Epidemiolog UI Tri Yunis Miko Wahyono mengungkap sejumlah fakta soal Vaksin Nusantara yang menurutnya tidak tepat bila disebut sebagai 'vaksin'. Ini penjelasan selengkapnya.

WowKeren - Perkara Vaksin Nusantara yang digagas mantan Menteri Kesehatan Terawan Agus Putranto tengah menyedot atensi khalayak luas karena berbagai kontroversi yang mengiringi. Termasuk soal tidak turunnya izin pelaksanaan uji klinis fase II namun Vaksin Nusantara malah hendak disuntikkan kepada sejumlah anggota DPR RI sampai eks Menkes Siti Fadilah.

Banyak pakar yang ikut menanggapi Vaksin Nusantara ini, termasuk ahli epidemiologi Universitas Indonesia Tri Yunis Miko Wahyono. Ketimbang Vaksin Nusantara, dalam pandangan Miko, vaksin Corona buatan Sinovac alias CoronaVac yang sudah diedarkan di masyarakat sudah cukup efektif.

Malah dalam pandangan Miko, Vaksin Nusantara berbasis sel dendritik ini tidak tepat disebut sebagai vaksin."Ini sebenarnya bukan vaksin, tapi terapi sel dendritik yang prosesnya lebih susah dan mahal. Jadi tidak tepat disebut vaksin," kata Miko kepada Republika, Rabu (14/4).

Pandangannya ini serupa dengan yang disampaikan Badan Pengawas Obat dan Makanan, sebab penggunaan sel dendritik sejatinya merupakan bentuk terapi pengobatan. Sebab vaksin adalah produk berisi antigen yang merupakan bagian dari virus, bisa juga berupa virus yang dilemahkan, yang disuntikkan untuk memicu tumbuhnya antibodi di dalam tubuh penerima.

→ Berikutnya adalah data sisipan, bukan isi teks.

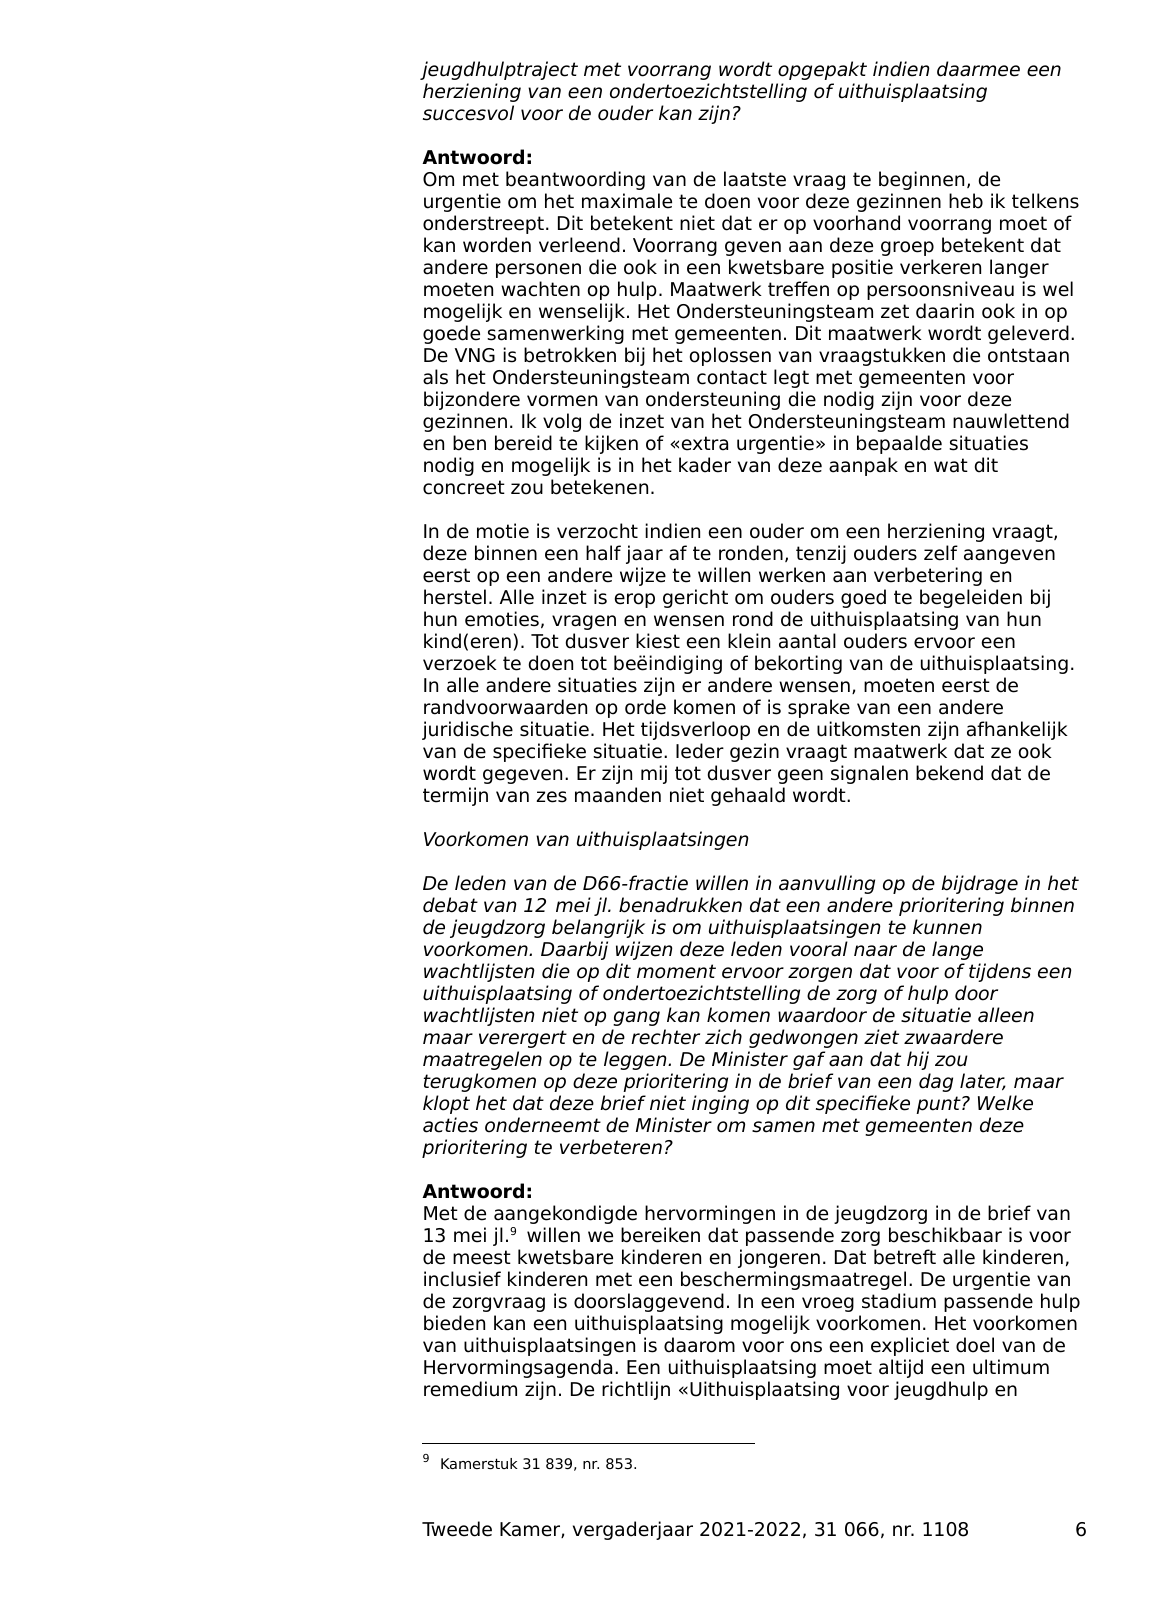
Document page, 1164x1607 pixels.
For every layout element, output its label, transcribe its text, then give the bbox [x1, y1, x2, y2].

subtitle Voorkomen van uithuisplaatsingen [422, 829, 1087, 851]
text Om met beantwoording van de laatste vraag te beginnen, de urgentie om het maximale te doen voor deze gezinnen heb ik telkens onderstreept. Dit betekent niet dat er op voorhand voorrang moet of kan worden verleend. Voorrang geven aan deze groep betekent dat andere personen die ook in een kwetsbare positie verkeren langer moeten wachten op hulp. Maatwerk treffen op persoonsniveau is wel mogelijk en wenselijk. Het Ondersteuningsteam zet daarin ook in op goede samenwerking met gemeenten. Dit maatwerk wordt geleverd. De VNG is betrokken bij het oplossen van vraagstukken die ontstaan als het Ondersteuningsteam contact legt met gemeenten voor bijzondere vormen van ondersteuning die nodig zijn voor deze gezinnen. Ik volg de inzet van het Ondersteuningsteam nauwlettend en ben bereid te kijken of «extra urgentie» in bepaalde situaties nodig en mogelijk is in het kader van deze aanpak en wat dit concreet zou betekenen. [422, 169, 1087, 499]
text De leden van de D66-fractie willen in aanvulling op de bijdrage in het debat van 12 mei jl. benadrukken dat een andere prioritering binnen de jeugdzorg belangrijk is om uithuisplaatsingen te kunnen voorkomen. Daarbij wijzen deze leden vooral naar de lange wachtlijsten die op dit moment ervoor zorgen dat voor of tijdens een uithuisplaatsing of ondertoezichtstelling de zorg of hulp door wachtlijsten niet op gang kan komen waardoor de situatie alleen maar verergert en de rechter zich gedwongen ziet zwaardere maatregelen op te leggen. De Minister gaf aan dat hij zou terugkomen op deze prioritering in de brief van een dag later, maar klopt het dat deze brief niet inging op dit specifieke punt? Welke acties onderneemt de Minister om samen met gemeenten deze prioritering te verbeteren? [422, 873, 1087, 1159]
text In de motie is verzocht indien een ouder om een herziening vraagt, deze binnen een half jaar af te ronden, tenzij ouders zelf aangeven eerst op een andere wijze te willen werken aan verbetering en herstel. Alle inzet is erop gericht om ouders goed te begeleiden bij hun emoties, vragen en wensen rond de uithuisplaatsing van hun kind(eren). Tot dusver kiest een klein aantal ouders ervoor een verzoek te doen tot beëindiging of bekorting van de uithuisplaatsing. In alle andere situaties zijn er andere wensen, moeten eerst de randvoorwaarden op orde komen of is sprake van een andere juridische situatie. Het tijdsverloop en de uitkomsten zijn afhankelijk van de specifieke situatie. Ieder gezin vraagt maatwerk dat ze ook wordt gegeven. Er zijn mij tot dusver geen signalen bekend dat de termijn van zes maanden niet gehaald wordt. [422, 521, 1087, 807]
subtitle Antwoord: [422, 1181, 1087, 1203]
text Kamerstuk 31 839, nr. 853. [422, 1452, 1087, 1474]
subtitle Antwoord: [422, 147, 1087, 169]
text Met de aangekondigde hervormingen in de jeugdzorg in de brief van 13 mei jl. willen we bereiken dat passende zorg beschikbaar is voor de meest kwetsbare kinderen en jongeren. Dat betreft alle kinderen, inclusief kinderen met een beschermingsmaatregel. De urgentie van de zorgvraag is doorslaggevend. In een vroeg stadium passende hulp bieden kan een uithuisplaatsing mogelijk voorkomen. Het voorkomen van uithuisplaatsingen is daarom voor ons een expliciet doel van de Hervormingsagenda. Een uithuisplaatsing moet altijd een ultimum remedium zijn. De richtlijn «Uithuisplaatsing voor jeugdhulp en [422, 1203, 1087, 1401]
text jeugdhulptraject met voorrang wordt opgepakt indien daarmee een herziening van een ondertoezichtstelling of uithuisplaatsing succesvol voor de ouder kan zijn? [422, 59, 1087, 125]

Prinsip ini berbeda dengan Vaksin Nusantara yang menggunakan bahan serum darah dari masing-masing individu yang sebelumnya telah dikenalkan dengan antigen virus Corona. Baru setelahnya serum darah itu sendiri kembali disuntikkan ke dalam tubuh individu terkait.

Miko tak menampik bahwa terapi pengobatan semacam ini sangat berguna. Biasanya terapi sel dendritik ini digunakan untuk pengobatan kanker, namun harganya memang cenderung mahal terutama untuk mengobati COVID-19 yang merupakan wabah penyakit. Karena itulah, tak salah jika Vaksin Nusantara hanya ditujukan kepada kaum berduit.

"Ini memang berguna, tapi tidak bisa digunakan oleh masyarakat secara umum, hanya orang-orang kaya saja," ujar Miko. "Vaksin yang sudah ada sudah cukup efektif."

Di sisi lain, BPOM memang belum menurunkan izin uji klinis fase II untuk Vaksin Nusantara dengan sejumlah pertimbangan. Bahkan meski peneliti utama uji klinis fase II Vaksin Nusantara, Kolonel Jonny, telah menyampaikan deretan kelebihan produk tersebut, BPOM tetap mengungkap setidaknya 6 kejanggalan dari vaksin yang dikembangkan bersama AIVITA Biomedical Ltd., tersebut.